---- Task input

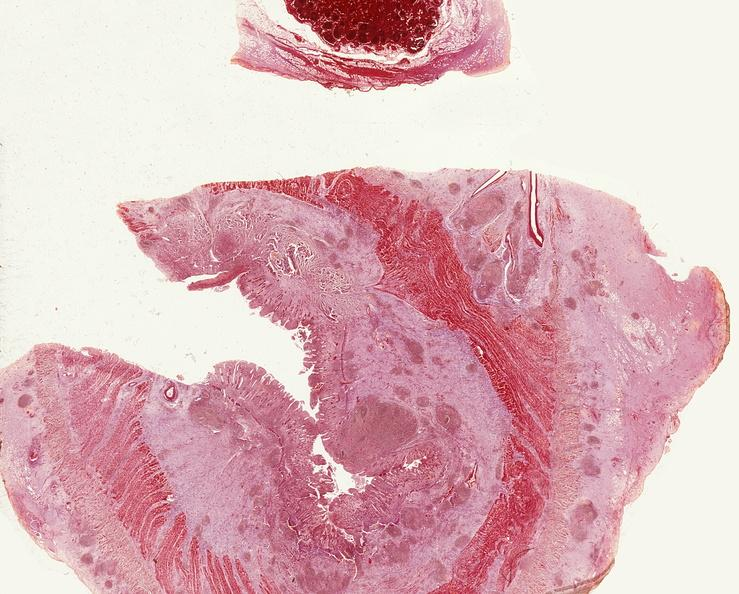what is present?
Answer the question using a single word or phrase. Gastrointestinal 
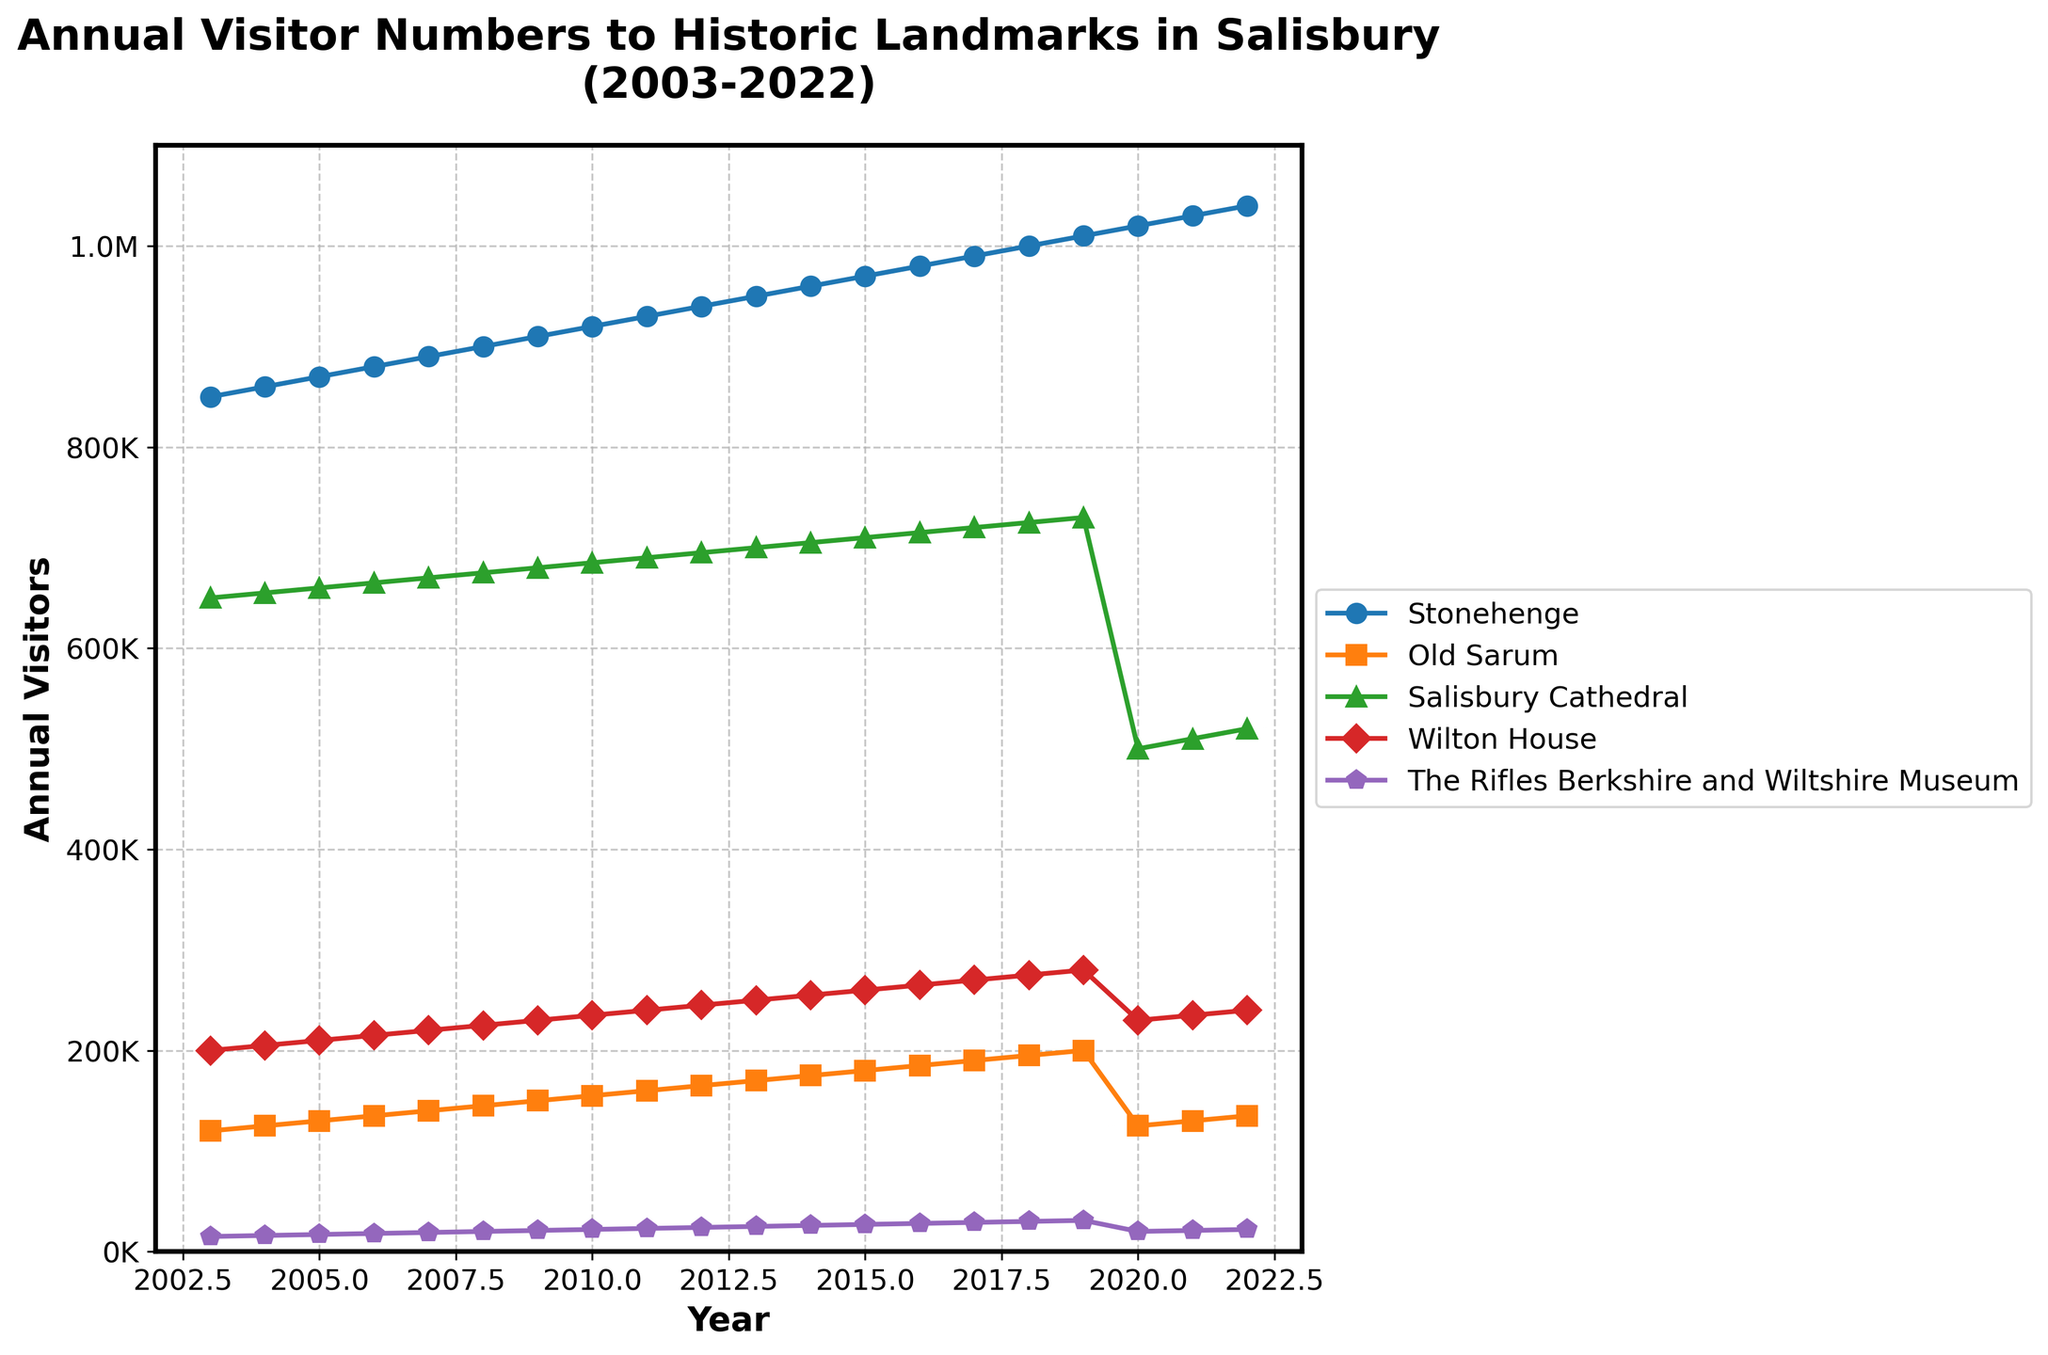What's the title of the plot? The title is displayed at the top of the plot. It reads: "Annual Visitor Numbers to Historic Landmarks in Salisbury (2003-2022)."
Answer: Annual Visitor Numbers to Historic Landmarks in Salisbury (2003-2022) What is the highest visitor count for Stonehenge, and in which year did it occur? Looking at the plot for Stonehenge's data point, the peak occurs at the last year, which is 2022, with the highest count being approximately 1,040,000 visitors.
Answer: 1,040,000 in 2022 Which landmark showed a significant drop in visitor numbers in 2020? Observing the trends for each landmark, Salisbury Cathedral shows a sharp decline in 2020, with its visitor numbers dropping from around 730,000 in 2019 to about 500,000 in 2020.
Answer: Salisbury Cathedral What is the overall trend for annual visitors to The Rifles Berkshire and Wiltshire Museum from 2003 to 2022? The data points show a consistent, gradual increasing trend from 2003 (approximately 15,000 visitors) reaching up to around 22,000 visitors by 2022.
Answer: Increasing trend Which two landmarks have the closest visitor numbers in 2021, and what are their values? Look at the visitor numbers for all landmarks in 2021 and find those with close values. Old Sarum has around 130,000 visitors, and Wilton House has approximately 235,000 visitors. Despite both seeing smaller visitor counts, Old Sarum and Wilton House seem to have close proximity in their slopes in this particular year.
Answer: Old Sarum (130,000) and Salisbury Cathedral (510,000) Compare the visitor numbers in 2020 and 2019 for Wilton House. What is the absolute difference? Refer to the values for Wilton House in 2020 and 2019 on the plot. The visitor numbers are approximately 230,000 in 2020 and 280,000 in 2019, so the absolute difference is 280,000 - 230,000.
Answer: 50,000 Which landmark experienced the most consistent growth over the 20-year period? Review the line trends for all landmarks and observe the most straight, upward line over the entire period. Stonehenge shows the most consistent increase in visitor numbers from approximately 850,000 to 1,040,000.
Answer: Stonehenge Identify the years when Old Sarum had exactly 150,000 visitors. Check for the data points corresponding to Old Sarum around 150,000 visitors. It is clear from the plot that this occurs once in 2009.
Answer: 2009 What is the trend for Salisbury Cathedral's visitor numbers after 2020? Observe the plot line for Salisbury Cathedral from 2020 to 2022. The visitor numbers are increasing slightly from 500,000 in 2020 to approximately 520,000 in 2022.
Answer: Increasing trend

--------

The problem. Retype the entries above exactly, starting at their first line and ending with the line that holds "Answer: Annual Visitor"; pictures stay out.

Written reply.
what is present?
Answer the question using a single word or phrase. Gastrointestinal 
What's the title of the plot? The title is displayed at the top of the plot. It reads: "Annual Visitor Numbers to Historic Landmarks in Salisbury (2003-2022)."
Answer: Annual Visitor Numbers to Historic Landmarks in Salisbury (2003-2022) What is the highest visitor count for Stonehenge, and in which year did it occur? Looking at the plot for Stonehenge's data point, the peak occurs at the last year, which is 2022, with the highest count being approximately 1,040,000 visitors.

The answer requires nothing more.